# Measuring succes of Voice Activity Detection algorithms. HR0 and HR1

Posted on Fri 06 February 2015 in Notes

When measuring the effectiveness of a Voice Activity Detection algorithm (VAD) looking at 0-1 accuracy is rarely enough. We typically also look at *Nonspeech Hit Rate* (HR0) and *Speech Hit Rate* (HR1).
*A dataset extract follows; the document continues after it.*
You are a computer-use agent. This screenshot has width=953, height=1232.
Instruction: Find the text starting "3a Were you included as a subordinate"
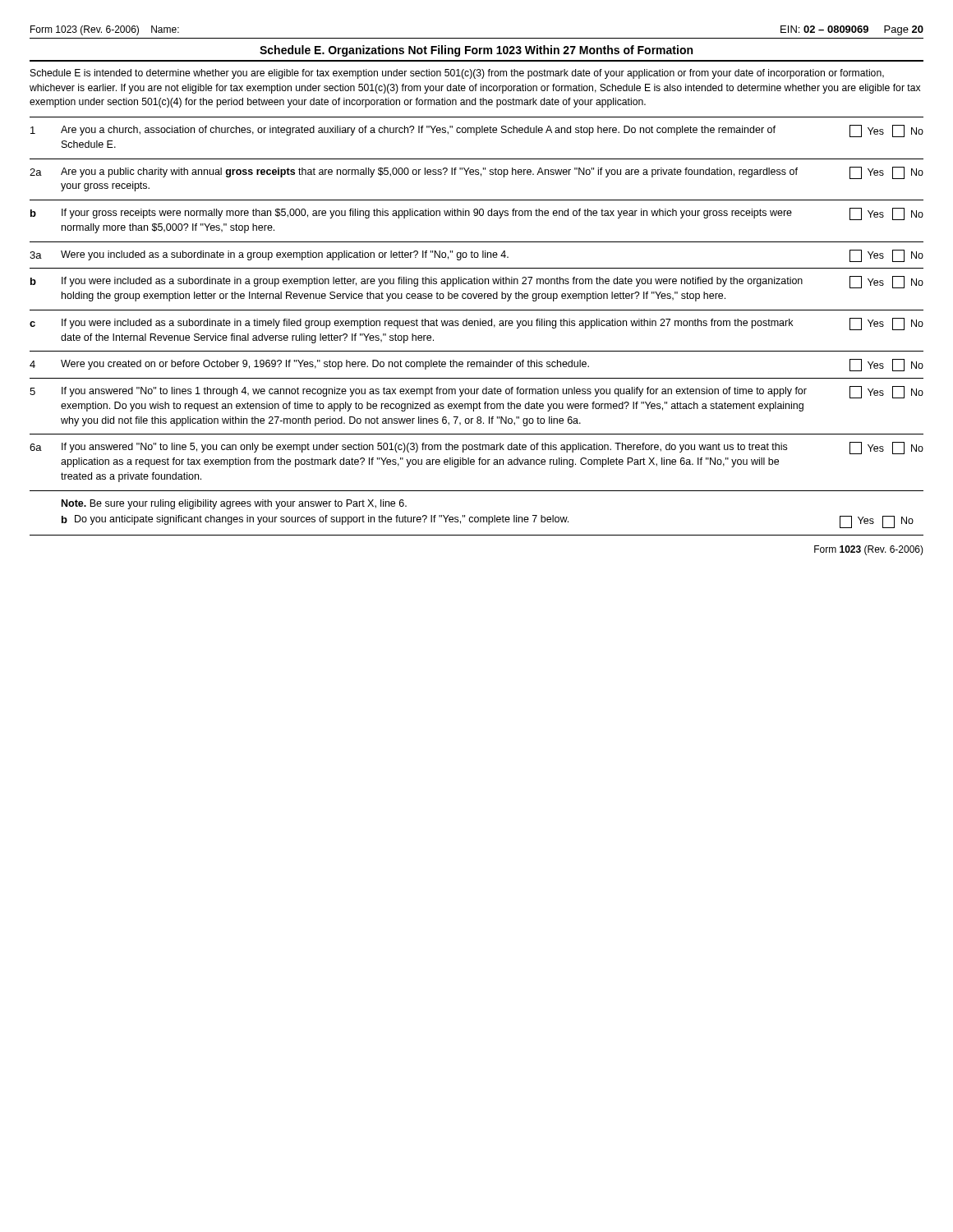476,255

**HR0**is computed as the ratio of the number of correctly detected nonspeech frames to the number of real nonspeech frames.**HR1**is computed as the ratio of the number of correctly detected speech frames to the number of real speech frames.

*Park et al. 2014 [1]*

Another way to put it is _the percentage of nonspeech and speech frames that are correctly predicted. In Python, this can be calculated in the following way:

```
import numpy as np
import our-vad-library as VAD
X = VAD.load_data()
y = VAD.load_targets()
y_hat = VAD.predict(X)
# Find nonspeech and speech hit rates:
index0 = np.where(y ==0)
index1 = np.where(y ==1)
hr0 = (y_hat[index0] == y[index0]).mean()
hr1 = (y_hat[index1] == y[index1]).mean()
```

First we create 2 indexes of y using numpy's `where()`

function (see more). `index0`

is a vector of all the positions of y that represents a silent frame in our data. Say `y = [0,0,0,1,1,0]`

, then `index0 = [0,1,2,5]`

, since `y[0] = y[1] = y[2] = y[5] = 0.`

this means that

```
print y[index0]
# -> [0,0,0,0]
```

Which in and of itself is not interesting. However, we can use the same index to pull out all the predictions in ŷ and compare them to the ground-truth in y

```
y_hat[index0] == y[index0]
# -> (True, True, False ... , dtype=bool)
```

This gives us a new array of the same dimensions with boolean `True`

or `False`

values. Each `True`

represents a correct prediction and each `False`

an incorrect. A neat python trick is that boolean values are treated as 0 and 1, so we can take the mean of this boolean result array to get the ratio between correct and incorrect prediction using the `.mean()`

function.

[1] Park, Jinsoo, Wooil Kim, David K. Han, and Hanseok Ko. “Voice Activity Detection in Noisy Environments Based on Double-Combined Fourier Transform and Line Fitting.” *The Scientific World Journal* 2014 (August 6, 2014): e146040. doi:10.1155/2014/146040.